Now, I'm going to have to freely admit, I did not have the mathematical skills to come up with this. I knew what I was looking for but the math was a bit beyond me. I asked chatGPT to come up with a formula that would allow me to detect visual differences in pages by their text composition. And here's what it came up with and what I plugged into a python script.
So, if you have the mathematical skills, PLEASE confirm this is a valid method. I've looked it over, it makes sense to me but I'm not a mathematician.
GPT:
For each page, we compute five very simple surface features:
- HO density per word
- ED density per word
- Gallows density per word
- Mean token length
- Top-5 bigram concentration (how dominant the most common bigrams are)
Then we build a vector like this for each page:
[1, HO_per_word, ED_per_word, Gallows_per_word, Mean_token_length, Top5_bigram_share]
That leading 1 is just the intercept term.
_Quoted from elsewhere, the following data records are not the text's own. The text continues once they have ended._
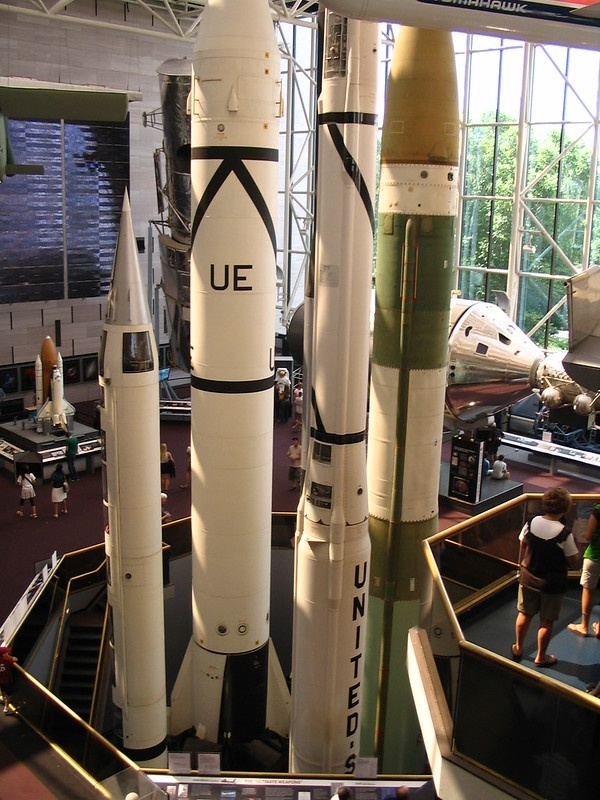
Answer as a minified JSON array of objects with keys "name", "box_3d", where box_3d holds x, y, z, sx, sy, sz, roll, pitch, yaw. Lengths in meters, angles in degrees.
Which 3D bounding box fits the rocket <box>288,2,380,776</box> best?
[{"name":"rocket","box_3d":[0.304,0.336,6.870,0.779,7.587,0.584,1,10,5]}]

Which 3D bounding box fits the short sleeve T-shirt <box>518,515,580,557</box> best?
[{"name":"short sleeve T-shirt","box_3d":[1.847,1.009,5.205,0.162,0.245,0.346,-13,21,-40]}]

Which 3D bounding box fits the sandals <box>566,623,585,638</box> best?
[{"name":"sandals","box_3d":[2.203,1.834,5.625,0.086,0.060,0.159,-7,12,-33]}]

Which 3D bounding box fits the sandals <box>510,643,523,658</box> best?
[{"name":"sandals","box_3d":[1.634,1.901,5.312,0.081,0.104,0.128,3,11,17]}]

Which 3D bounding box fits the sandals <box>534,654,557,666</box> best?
[{"name":"sandals","box_3d":[1.791,1.915,5.194,0.161,0.117,0.063,1,-7,4]}]

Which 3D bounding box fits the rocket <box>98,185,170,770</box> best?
[{"name":"rocket","box_3d":[-1.787,1.053,7.518,0.616,6.316,0.450,-2,10,-13]}]
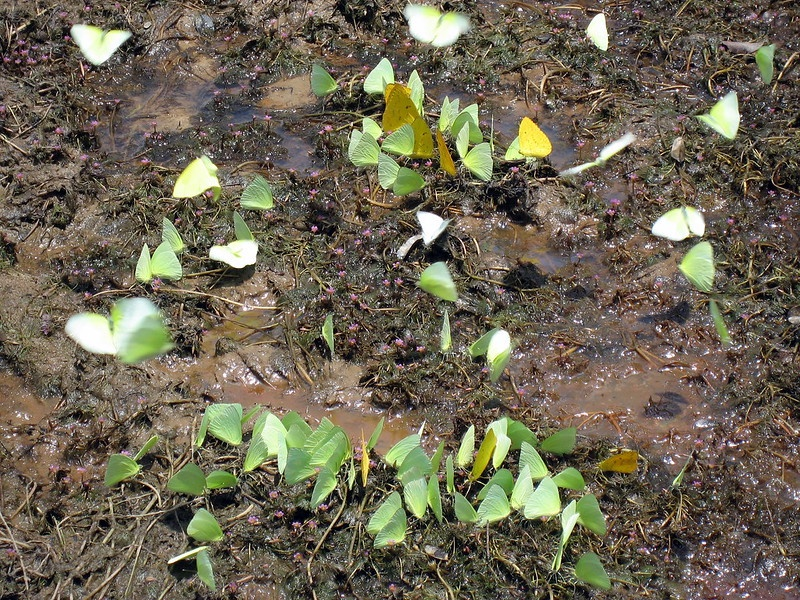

Then we fit a simple linear regression:
score = w₀ + w₁·HO + w₂·ED + w₃·Gallows + w₄·Length + w₅·Top5
The weights (w’s) are solved with ordinary least squares to best separate:
- 0ED pages → target = 0
- ED+ pages → target = 1
And here's the chart sorted in ed0 - ed+ order
So, it is claiming that by just measuring those surface textures with that formula, that it can predict whether a page is 0ed or ed+ with a 89.8% accuracy rate.
Now, here's what the same chart looks like sorted in folio order.
So, here's my theory. The reason this regime shift wasn't detected until Currier was that it was intentionally obscured by shuffling pages around and, by skipping over to other sections (pharma and zodiac) and then, coming back to finish the herbal section. I believe, that if they hadn't shuffled those pages, and if this were written in the 15th century, then anyone with linguistic skills, like an adept scribe or cryptographer, would have spotted it back then.
Now, this shuffling of pages in no way excludes an intentional production process and that the folios are mostly in chronological order or that it was the result of it being rebound once or twice. Right now, my Occam's Razor detector is saying obfuscation.
Conclusion
This concludes my 3 part series on the oddities of "ed". I'm hoping I've given everyone a lot to think about. I have one more series planned and I hope it's going to be no less... erm... informative. It's going to turn the focus back on repair with an attempt to reverse engineer the Voynich.
Thanks for all the great replies and good hunting.